A Reverse Mortgage is a special type of loan sold to homeowners age 62 years and older. This type of loan allows homeowners to access a portion of their home equity as cash; you receive money from the
lender, rather than making payments to the lender.

There are three different types of reverse mortgages:

  1. Single-Purpose Reverse Mortgages are offered by some state and local government agencies and nonprofit organizations. This is the least expensive option. They are not available everywhere and can only be used for one purpose, which is specific to the government or the nonprofit lender. Examples of this would be home repairs and/or improvements or property taxes. Most homeowners with low or moderate income can qualify for these loans.
  2. Federally-Insured Reverse Mortgages are also known as Home Equity Conversion Mortgages (HECMs) and are backed by the U.S. Department of Housing and Urban Development (HUD). HECMs may be more expensive than traditional home loans and the upfront costs can be high. This is very important to consider, especially if you plan to stay in your home for a short period of time or borrow a small amount. HECM loans are widely available and have no income or medical requirements, which means they can be used for any purpose. You must meet with a government approved housing counselor before applying for this type of loan.
  3. Proprietary Reverse Mortgages are private loans that are backed by the companies that develop them. Just like HECMs, these loans can be expensive and can be used for any purpose.

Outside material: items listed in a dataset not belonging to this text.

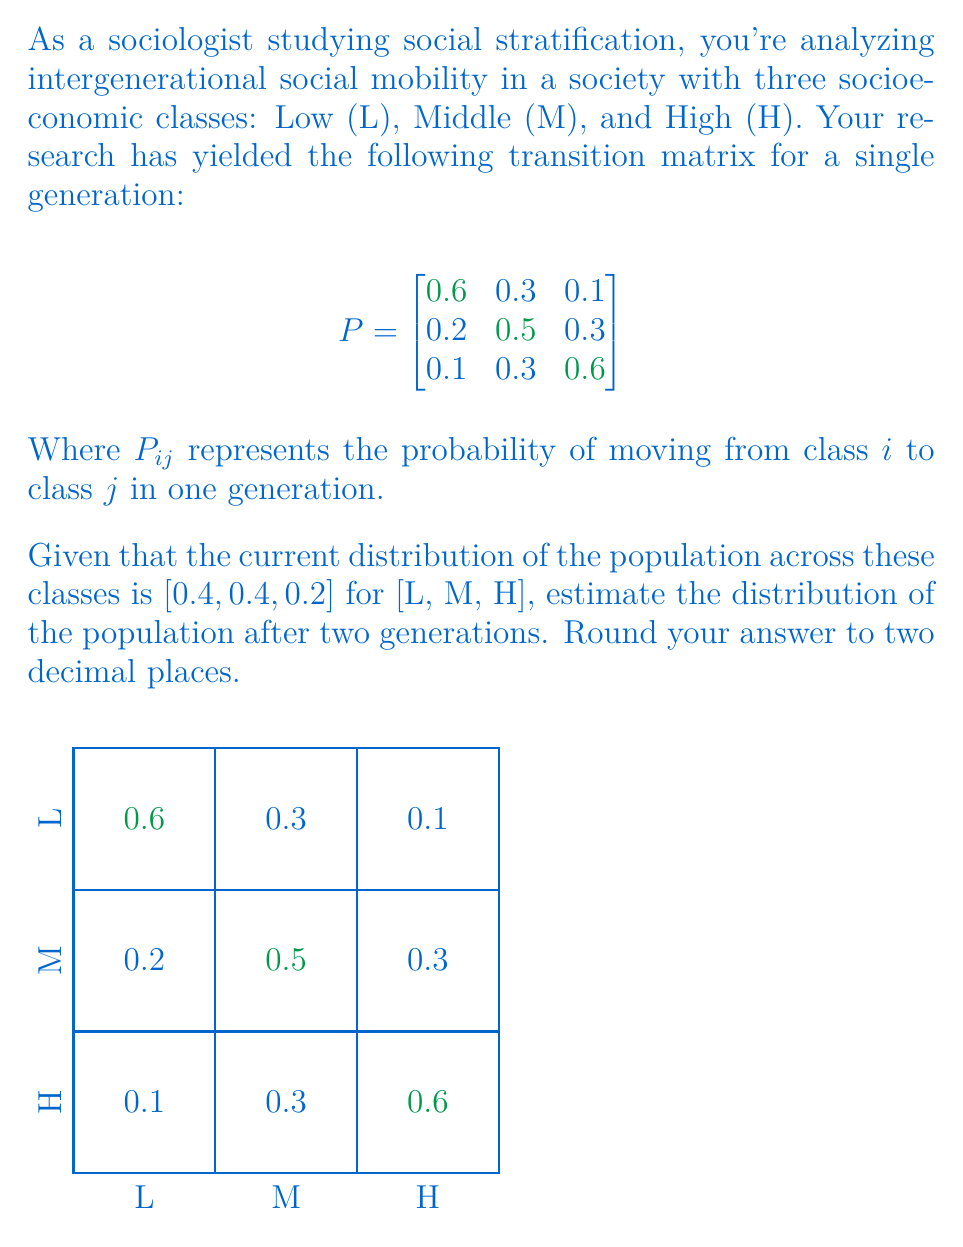Teach me how to tackle this problem. To solve this problem, we'll use the properties of Markov chains:

1) First, let's define our initial state vector:
   $v_0 = [0.4, 0.4, 0.2]$

2) To find the distribution after two generations, we need to multiply this vector by the transition matrix twice:
   $v_2 = v_0 \cdot P^2$

3) Let's calculate $P^2$:
   $$P^2 = P \cdot P = \begin{bmatrix}
   0.6 & 0.3 & 0.1 \\
   0.2 & 0.5 & 0.3 \\
   0.1 & 0.3 & 0.6
   \end{bmatrix} \cdot \begin{bmatrix}
   0.6 & 0.3 & 0.1 \\
   0.2 & 0.5 & 0.3 \\
   0.1 & 0.3 & 0.6
   \end{bmatrix}$$

4) Performing the matrix multiplication:
   $$P^2 = \begin{bmatrix}
   0.43 & 0.36 & 0.21 \\
   0.25 & 0.43 & 0.32 \\
   0.19 & 0.36 & 0.45
   \end{bmatrix}$$

5) Now, we multiply our initial state vector by $P^2$:
   $v_2 = [0.4, 0.4, 0.2] \cdot \begin{bmatrix}
   0.43 & 0.36 & 0.21 \\
   0.25 & 0.43 & 0.32 \\
   0.19 & 0.36 & 0.45
   \end{bmatrix}$

6) Performing this multiplication:
   $v_2 = [0.334, 0.388, 0.278]$

7) Rounding to two decimal places:
   $v_2 \approx [0.33, 0.39, 0.28]$

This result shows the estimated distribution of the population across the Low, Middle, and High socioeconomic classes after two generations.
Answer: [0.33, 0.39, 0.28] 
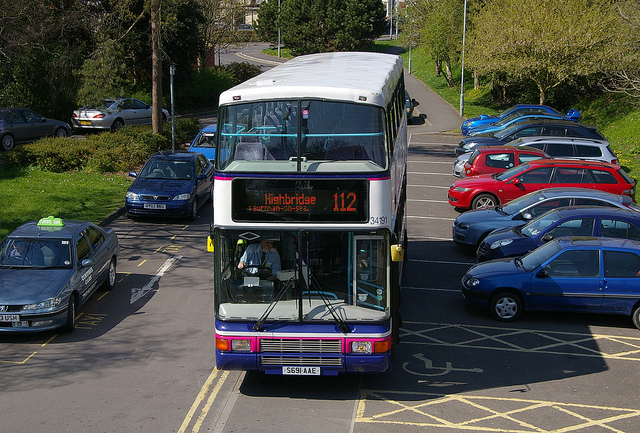Read and extract the text from this image. Highbridge 112 34191 S591-AAE TAXI 
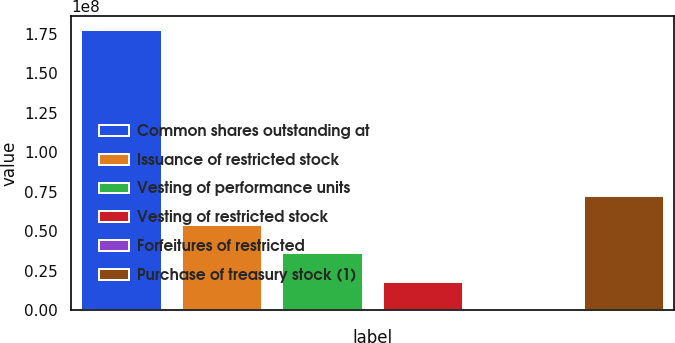Convert chart to OTSL. <chart><loc_0><loc_0><loc_500><loc_500><bar_chart><fcel>Common shares outstanding at<fcel>Issuance of restricted stock<fcel>Vesting of performance units<fcel>Vesting of restricted stock<fcel>Forfeitures of restricted<fcel>Purchase of treasury stock (1)<nl><fcel>1.77345e+08<fcel>5.40821e+07<fcel>3.60603e+07<fcel>1.80386e+07<fcel>16795<fcel>7.21038e+07<nl></chart> 
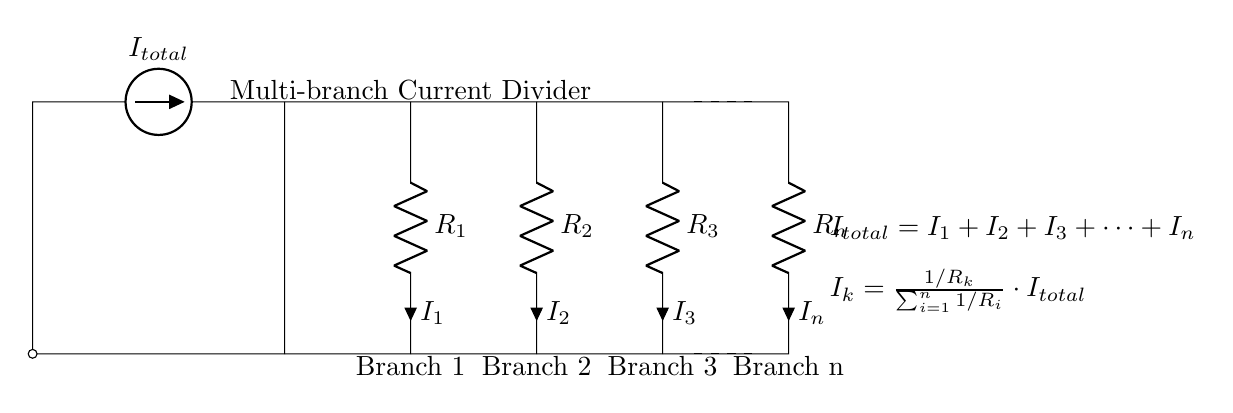What is the total current in the circuit? The total current is denoted as I_total in the circuit diagram and is shown as the current coming from the current source.
Answer: I_total What are the values of the resistors? The resistors are represented as R_1, R_2, R_3, and R_n in the diagram, but their numerical values are not specified in the circuit diagram itself.
Answer: R_1, R_2, R_3, R_n How many branches are there in the current divider? The circuit shows five branches, including the main branch and the four resistance branches.
Answer: Four What is the formula for calculating the current in branch k? The formula for finding the current in branch k is displayed in the diagram, explaining how the current for each branch is calculated proportionally based on resistance.
Answer: I_k = (1/R_k) / (sum of 1/R_i) * I_total Which branch has the highest current? The current in each branch depends on the resistance values; thus, the branch with the smallest resistance would have the highest current. This requires knowledge of specific resistor values to determine definitively.
Answer: Depends on values What does the dashed line represent in the diagram? The dashed lines in the circuit diagram indicate distance or separation between different sections of the circuit, but do not represent any components or connections.
Answer: Separation What is the relationship between the currents in the branches? The relationship is expressed in the equation I_total = I_1 + I_2 + I_3 + ... + I_n, indicating that the total current is the sum of the currents flowing through each branch.
Answer: They sum to I_total 
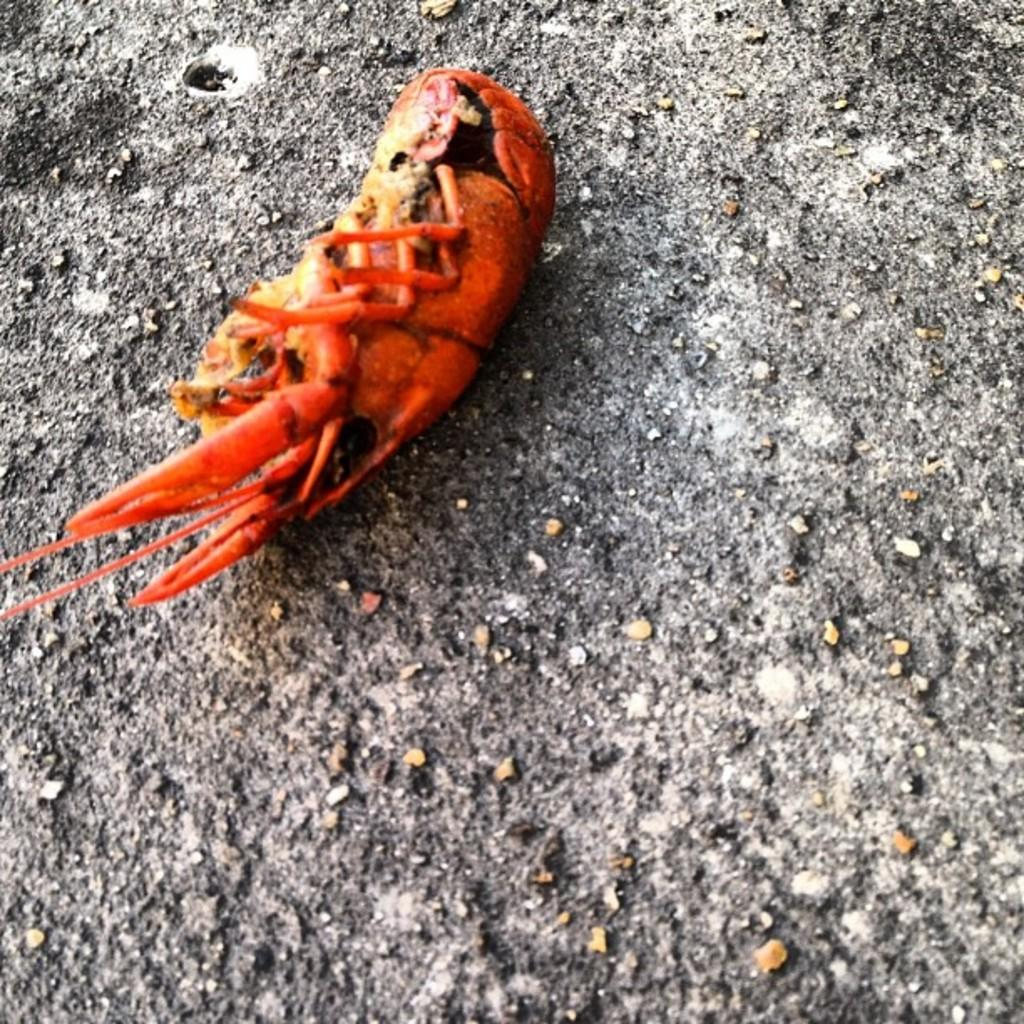What is the main subject in the center of the image? There is an insect in the center of the image. What can be seen in the background of the image? There is a wall in the background of the image. How many planes are visible in the image? There are no planes visible in the image; it features an insect and a wall in the background. What type of hope can be seen in the image? There is no representation of hope in the image; it features an insect and a wall in the background. 
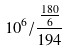<formula> <loc_0><loc_0><loc_500><loc_500>1 0 ^ { 6 } / \frac { \frac { 1 8 0 } { 6 } } { 1 9 4 }</formula> 
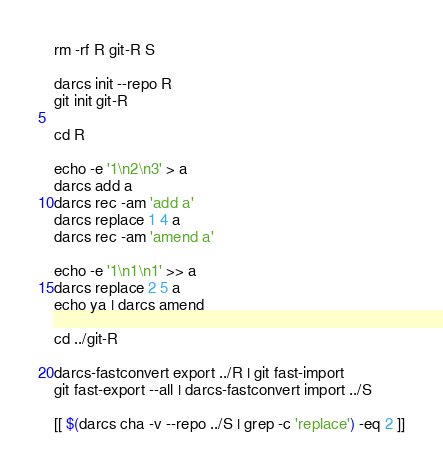Convert code to text. <code><loc_0><loc_0><loc_500><loc_500><_Bash_>rm -rf R git-R S

darcs init --repo R
git init git-R

cd R

echo -e '1\n2\n3' > a
darcs add a
darcs rec -am 'add a'
darcs replace 1 4 a
darcs rec -am 'amend a'

echo -e '1\n1\n1' >> a
darcs replace 2 5 a
echo ya | darcs amend

cd ../git-R

darcs-fastconvert export ../R | git fast-import
git fast-export --all | darcs-fastconvert import ../S

[[ $(darcs cha -v --repo ../S | grep -c 'replace') -eq 2 ]]
</code>

How much you can borrow depends on your age, the value of the property, the current interest rates, and the type of reverse mortgage you choose. Before you take out a reverse mortgage, you should be aware of your payout options:

  • Line of Credit is when you pay only the interest on money you use. The amount of money available to you grows over time.
  • Monthly Payout can be a good choice if you need additional monthly income to cover daily living expenses. The amount of money available to you grows over time. Note: You can change your monthly payment option at any time for about $20.
  • Lump Sum is where you take the whole amount of money at once. This can be risky because you will pay interest on all of the funds, even if you do not need them.
  • Combination of Monthly Payments and a Line of Credit is a combination of monthly payments and a line of credit.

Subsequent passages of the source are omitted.